Serie Bürgermeisterwahl "Weniger Projekte, konzentrierter arbeiten"

Die Grünen-Bürgermeisterkandidatin Martina Herrmann im Porträt

Sie ist seit 24 Jahren Mitarbeiterin bei Herta. Nebenbei Fraktionsvorsitzende der Grünen im Stadtrat. Vorsitzende des Ortsverbandes, Mitglied des Landesfinanzrates, des Gleichstellungsausschusses im Städte- und Gemeindebund, auch im Umweltausschuss mischt sie mit. Die Liste der Posten von Martina Herrmann lässt sich fortführen. Bald soll ein weiterer hinzukommen: Die 55-Jährige möchte Bürgermeisterin werden.

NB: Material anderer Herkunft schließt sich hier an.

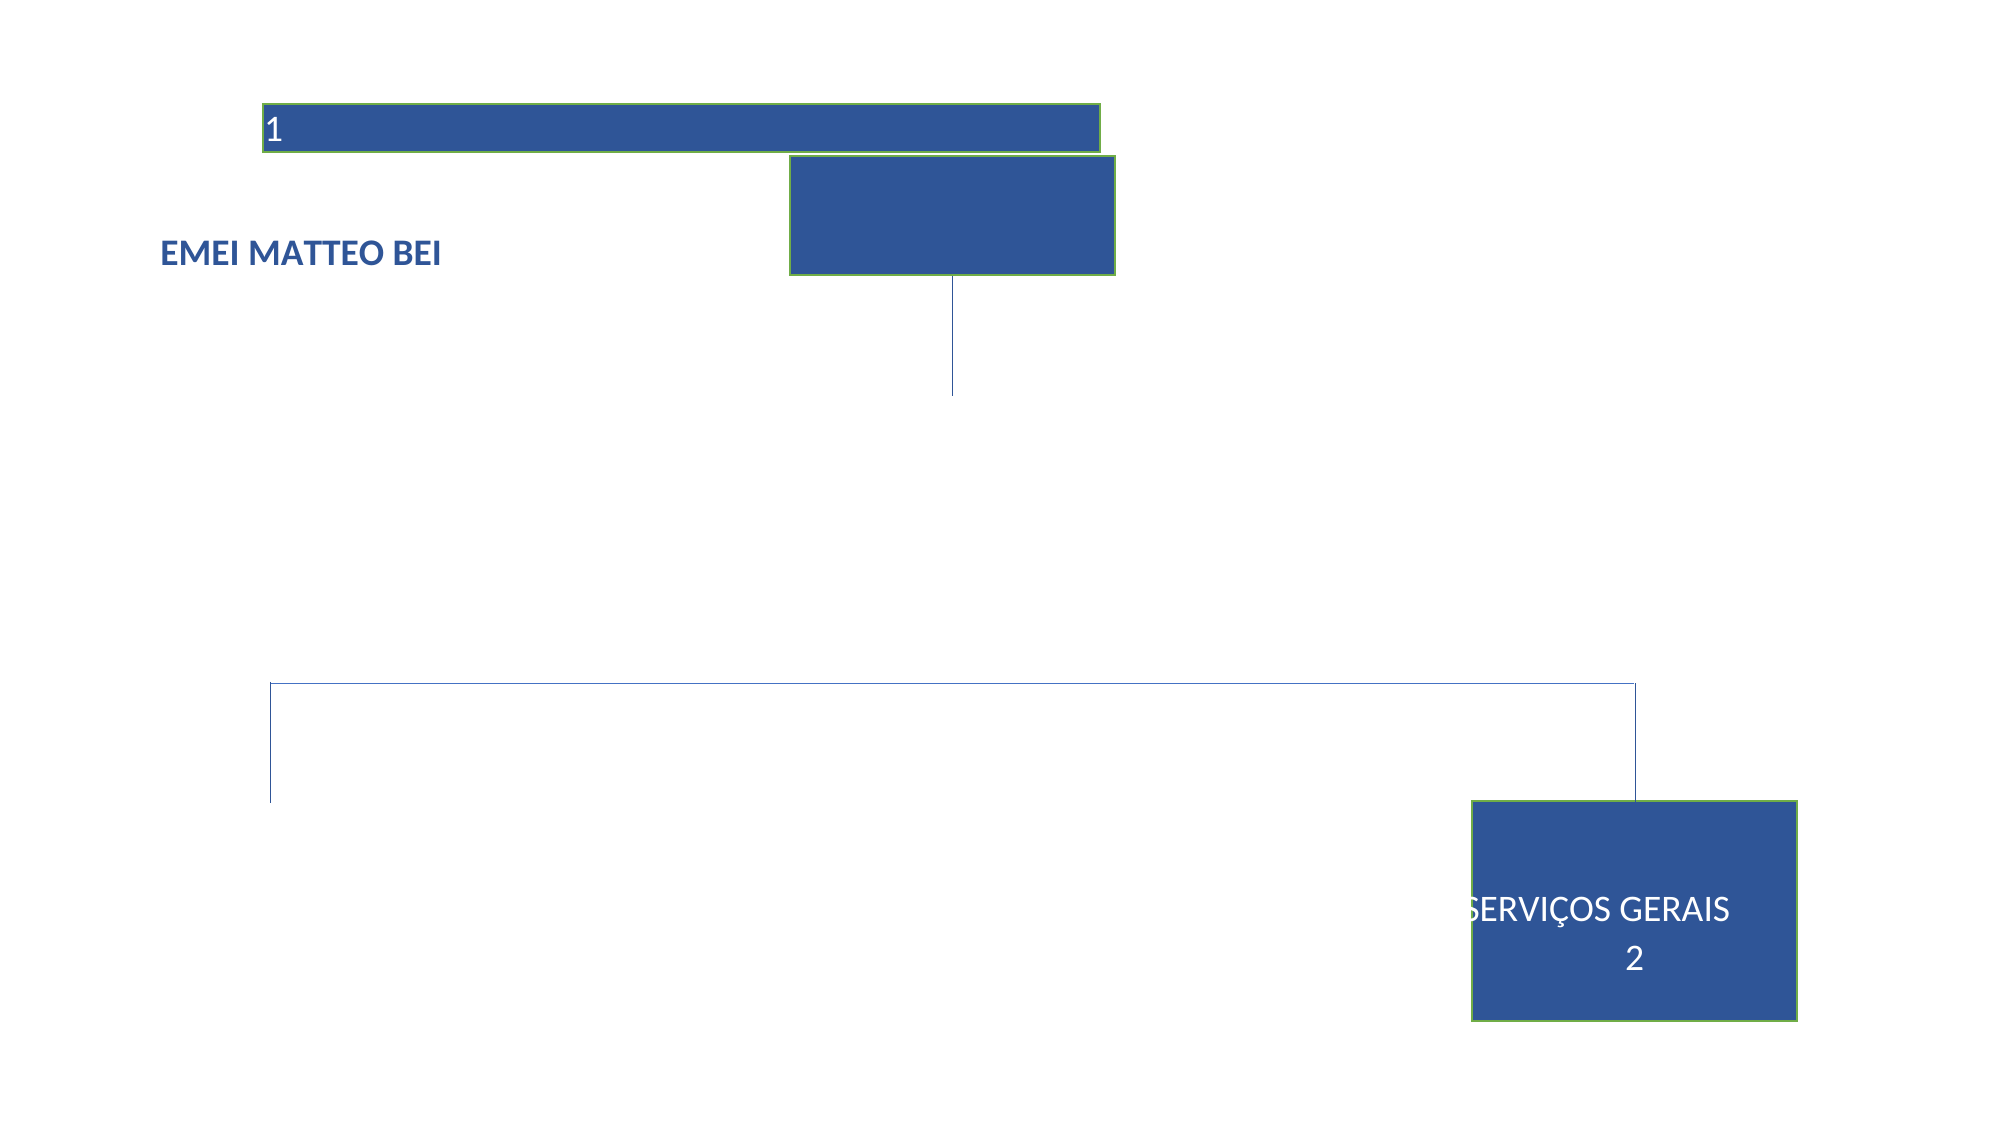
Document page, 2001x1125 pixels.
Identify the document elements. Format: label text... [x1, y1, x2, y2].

text EMEI MATTEO BEI [160, 229, 590, 275]
text 1 [264, 105, 1099, 151]

Das Handy klingelt. Martina Herrmann kramt in ihrer Handtasche, klappt die grüne Smartphone-Hülle auf. Ein Display-Reiniger mit Grünen-Logo kommt zum Vorschein, dann nimmt sie das Gespräch an. „Ich bin mit Leib und Seele in der Partei vertreten“, sagt Martina Herrmann kurz darauf, „Politik ist mein Hobby“. Bis Anfang des Jahres war selbst die Wohnung der Politikerin grün: „Bei mir zu Hause war quasi das Parteibüro. Erst als die Grünen die Räume an der Ewaldstraße bezogen haben, hatte ich wieder Platz im Wohnzimmer.“ Kurz danach ging der Wahlkampf los. Neben acht Konkurrenten stellt sich Martina Herrmann am 22. Mai als Bürgermeisterkandidatin zur Wahl. Es ist das zweite Mal, dass sie für die Grünen ins Rennen geht.

Die Innenstadt öffnen

Wird sie gewählt, möchte Martina Herrmann unter anderem die Innenstadt angehen. „Ich setze auf kleinen, inhabergeführten Einzelhandel. Zu einer Innenstadt gehört doch, dass man einkaufen gehen kann“, sagt die gebürtige Süderin. Außerdem wolle sie mit einer freundlichen Umgestaltung des Bramhügels Anschluss an den Hertener Süden schaffen: „So wird alles offener, einladender.“

Das zurzeit brachliegende Herten-Forum betrachtet Martina Herrmann als Chance für die Innenstadt. Sie hofft, dass das geplante, im Umkreis einzigartige Outlet-Konzept auch Käufer aus den Nachbarstädten lockt. „Die Kaufkraft in Herten ist ja leider nicht sehr hoch. Da passt ein Outlet ganz gut.“

Gewerbesteuer senken macht Herten attraktiver

Im Anschluss möchte sie die Innenstadt sukzessive wieder aufbauen. Geringere Gewerbesteuern sollen Einzelhändler überzeugen, sich in der Innenstadt niederzulassen. „Geringe Gewerbesteuern spülen zwar weniger Geld in die eh schon klamme Stadtkasse,  aber sie bedeuten eine langfristige Investition in die Attraktivität der Innenstadt. Schnell kann man in Herten gar nichts bewirken, dafür fehlen die Gelder“, sagt Herrmann. Die Stadt müsse sich insgesamt mehr um Unternehmer bemühen, fordert die Kandidatin.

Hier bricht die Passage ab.